■ **WHAT YOU ARE ASKED TO DO**
Output every entry exactly as written, skipping any pictures.

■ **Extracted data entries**
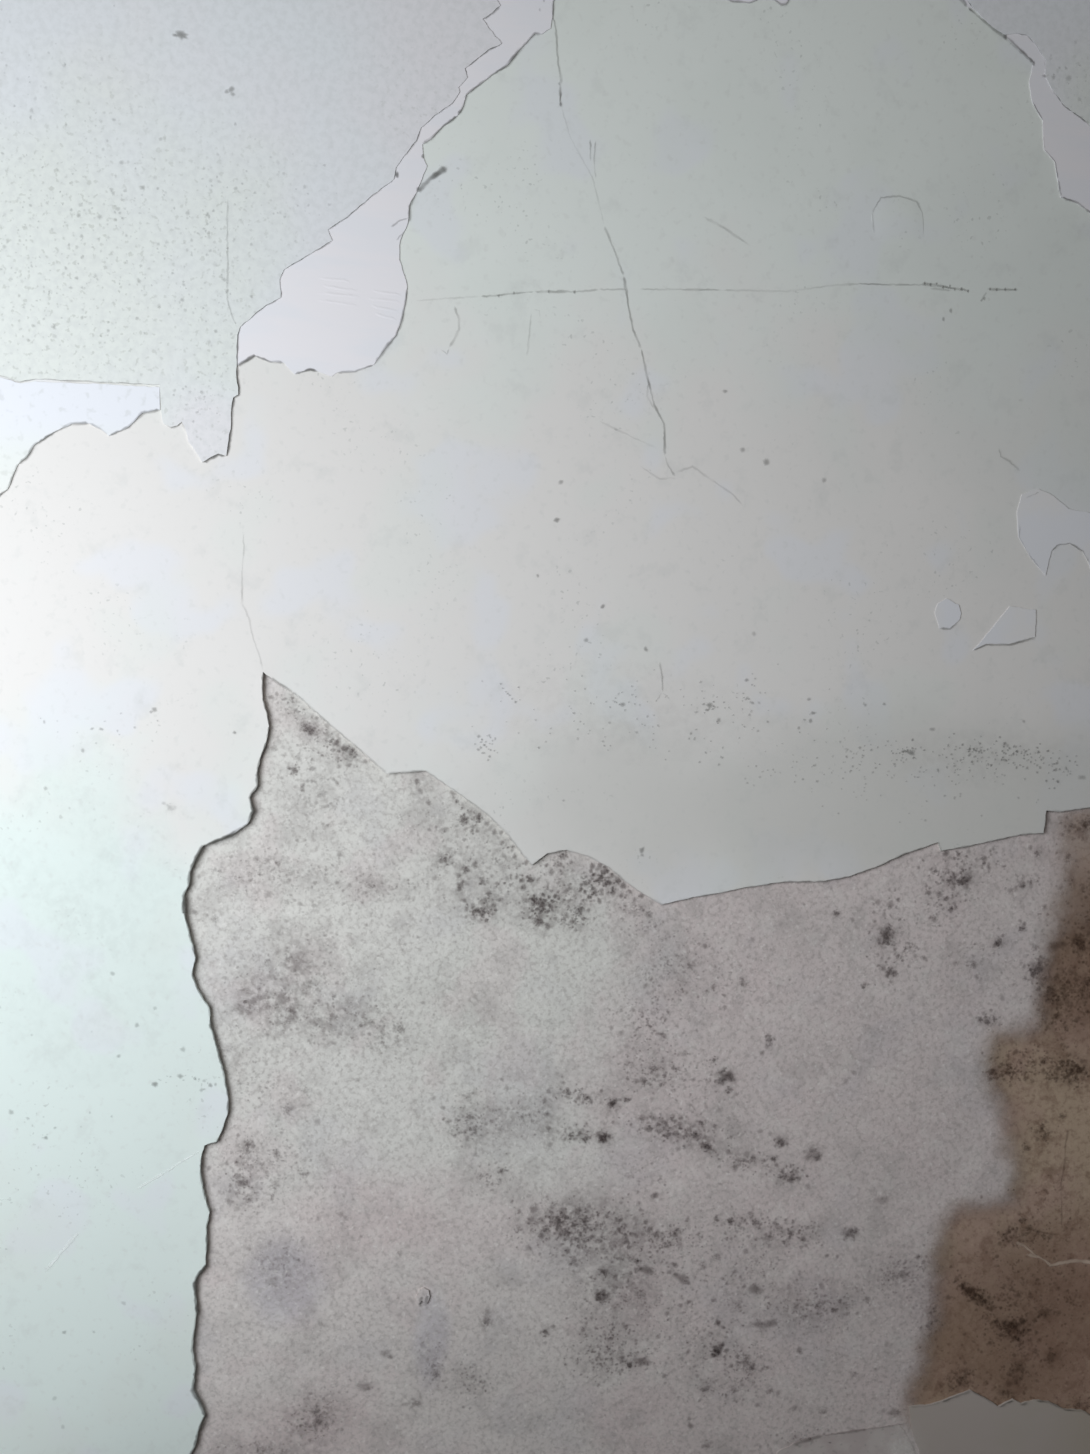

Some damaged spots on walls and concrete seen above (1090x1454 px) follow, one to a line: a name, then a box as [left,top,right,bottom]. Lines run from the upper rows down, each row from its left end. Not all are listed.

peeling [237,0,554,376]
peeling [1006,33,1090,213]
flaking render [182,672,1090,1454]
leakage [910,812,1090,1414]
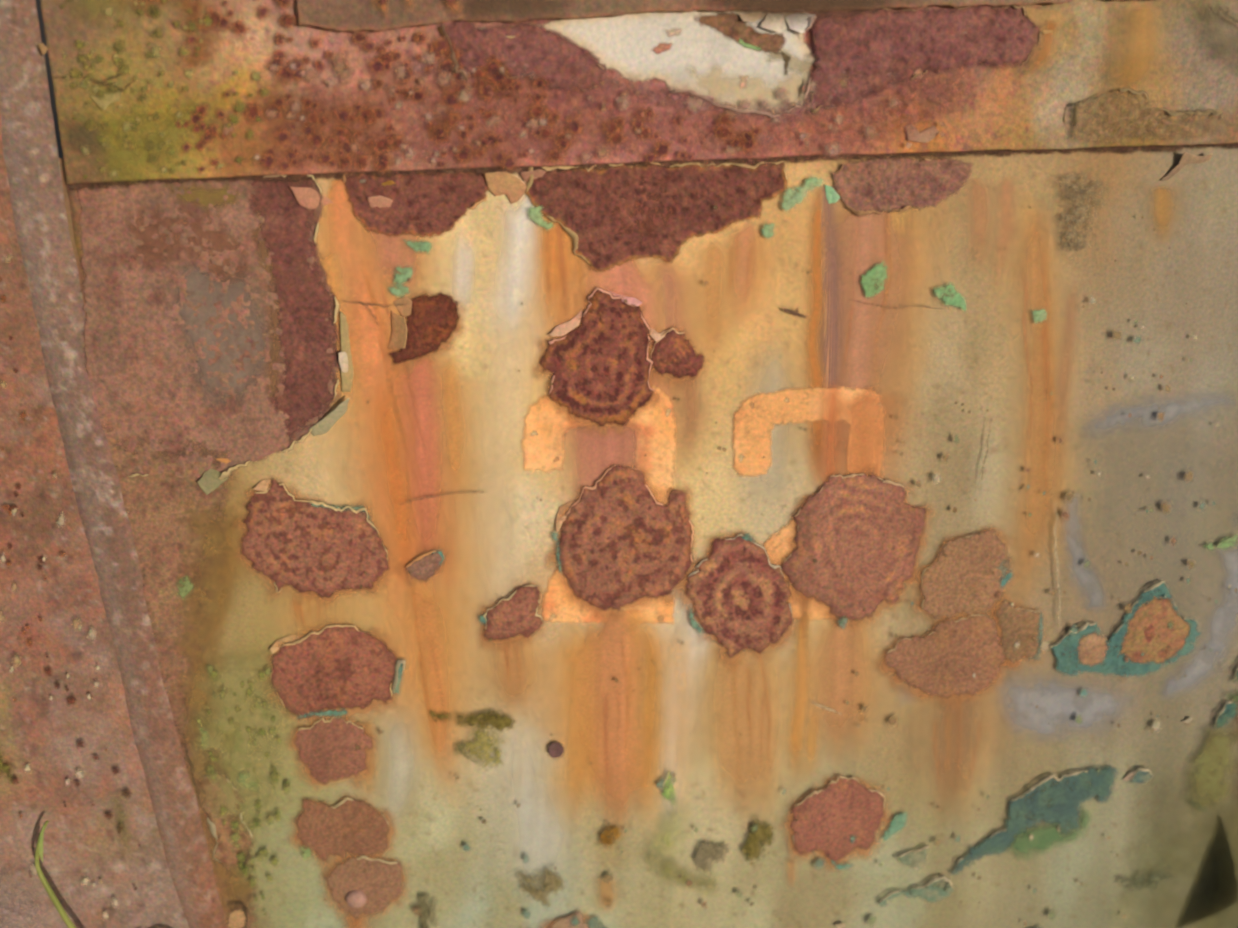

■ **PROBLEM SOLUTION**
Some damaged spots on walls and concrete seen above (1090x1454 px) follow, one to a line: a name, then a box as [left,top,right,bottom]. Lines run from the upper rows down, each row from its left end. Not all are listed.

peeling [237,0,554,376]
peeling [1006,33,1090,213]
flaking render [182,672,1090,1454]
leakage [910,812,1090,1414]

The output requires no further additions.